Refining the content
At this point, I reached out for help from the ever wise and kind Simon Meekings, who runs training sessions on feedback. Simon and I paired on the content — with Simon’s input, it improved immeasurably. And Simon should even take credit for this Medium post, as I’ve re-used many of his words. Thank you Simon!
One choice we faced was how to refer to ‘negative’ and ‘positive’ feedback. As Simon said:
‘negative’ and ‘positive’ tend to be avoided when giving feedback, as they’re subjective and perspectives differ. And ‘negative’ can sometimes set someone up with the mindset that a conversation will be negative, eg through body language.
We considered ‘Consider changing’ and ‘Keep doing’. But we weren’t convinced these wouldn’t be easily understood. In the end, usability won out over precision, and we went with ‘Constructive’ and ‘Positive’ — arguably slightly loaded terms, but ones that we felt would be intuitive.
Fun with design
With the content well on the way, I got my creative juices flowing with the visuals. I gathered inspiration and messed around with ideas in Figma. I wanted something very simple, clear and usable — no frills, but a touch of warmth and reassurance.

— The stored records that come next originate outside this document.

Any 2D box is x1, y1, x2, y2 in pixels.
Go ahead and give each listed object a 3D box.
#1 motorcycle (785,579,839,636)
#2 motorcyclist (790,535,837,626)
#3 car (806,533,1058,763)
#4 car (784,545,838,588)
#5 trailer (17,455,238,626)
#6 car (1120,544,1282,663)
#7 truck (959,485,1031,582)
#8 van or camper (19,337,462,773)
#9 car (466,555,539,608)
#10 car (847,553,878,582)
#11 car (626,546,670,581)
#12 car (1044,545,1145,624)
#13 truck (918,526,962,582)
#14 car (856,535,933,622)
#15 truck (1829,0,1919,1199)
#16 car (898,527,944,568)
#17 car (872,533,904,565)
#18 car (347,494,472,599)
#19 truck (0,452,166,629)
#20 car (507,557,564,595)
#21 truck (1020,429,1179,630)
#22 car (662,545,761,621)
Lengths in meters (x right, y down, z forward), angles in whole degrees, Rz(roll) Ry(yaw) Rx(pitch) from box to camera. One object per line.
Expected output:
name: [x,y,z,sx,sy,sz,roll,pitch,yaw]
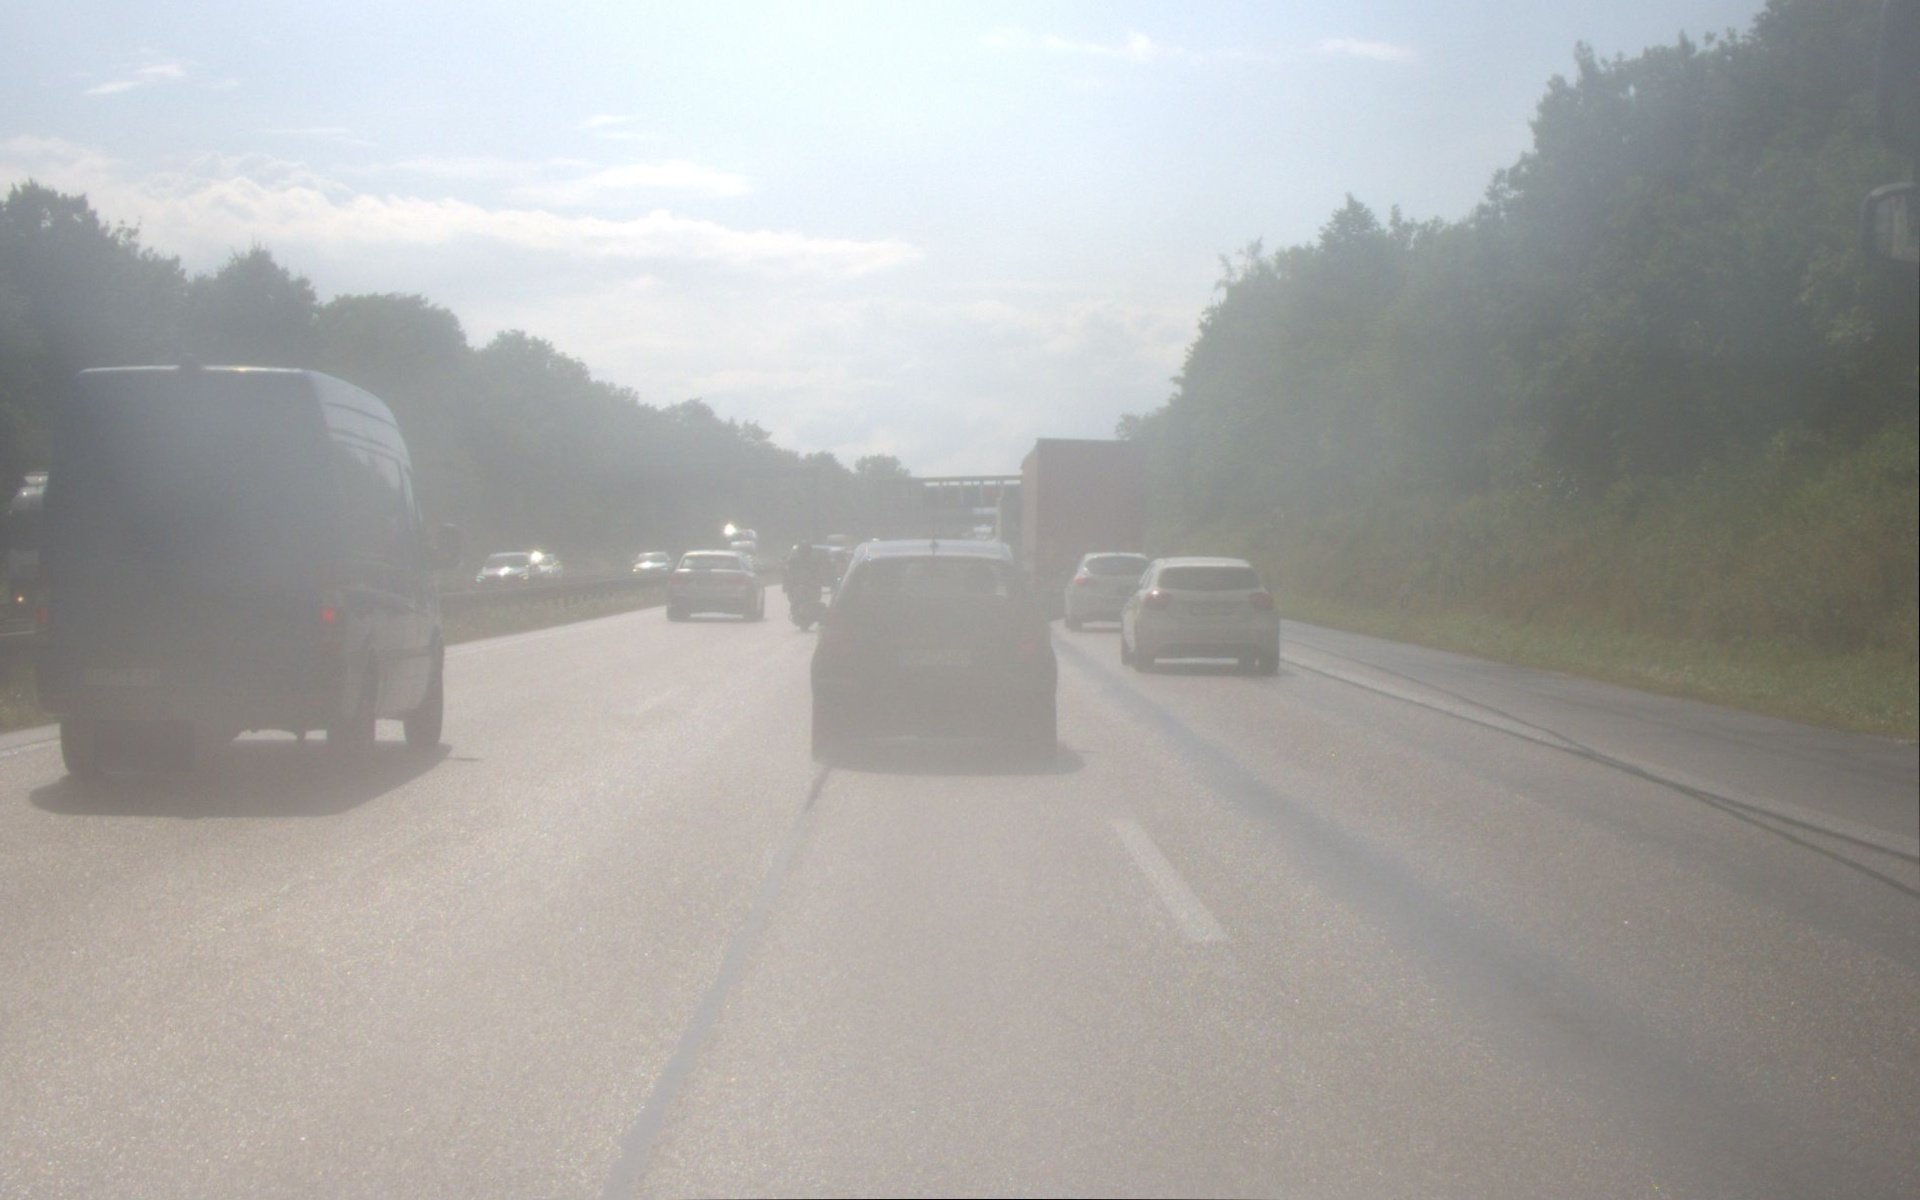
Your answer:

I created a simple design system…
The multi-talented Emma Buckee created the illustration below — it brings such a wonderful, warm touch to the visuals. I love it, thanks Emma!
The build — Thriva Maker Day
I sorely lack the skills to actually build a product like this. But then along came an opportunity — Thriva Maker Day. On 9 March, Thriva’s engineers and designers got together in London, split into teams and built cool things. I’d sneaked Feedback Sense Check onto the list of stuff.
Our Maker Day team was:
- Aaron Conway — engineering
- Alex Callard — engineering
- Bryony Watson — engineering
- Ela Tuns — engineering and content
- Simon Meekings — content
- me — content and design
Absolute legends. I had such a great day — I learned loads, and spent most of my time looking over people’s shoulders to see how they were piecing it all together.
For the tech, Aaron chose SvelteKit, which is a Svelte framework, and tailwindcss for styling. Once built, Aaron deployed Feedback Sense Check to Vercel and left the repo public on Github, in case anyone wants to dig into the code.
That evening, each team presented their finished product, and prizes were awarded. Shockingly, we didn’t win — I assume an admin error.
The wonderful Alex Callard deserves an extra mention as the driving force behind Maker Day.
Try Feedback Sense Check!
Feedback Sense Check isn’t complete — we didn’t get around to building the ‘Received feedback’ branch, and there are a few quirks we didn’t iron out. After all, it was coded in just a few hours.
But Aaron’s put it live, and you’re welcome to give it a try.
What do you think?
I’d love to think that someone out there uses Feedback Sense Check. Have you? If so, please let me know — I’m curious to hear if and how it helped in a real world scenario.
The future
Perhaps we’ll come back and build the rest of Feedback Sense Check, learn, iterate, develop a business model, get funding, grow a team, become a unicorn and have a successful IPO exit.
Or perhaps (and more likely) we’ll leave it as is — a free, incomplete, side project that was a fascinating learning experience, fun to build and, hopefully, helps a few folk give better feedback.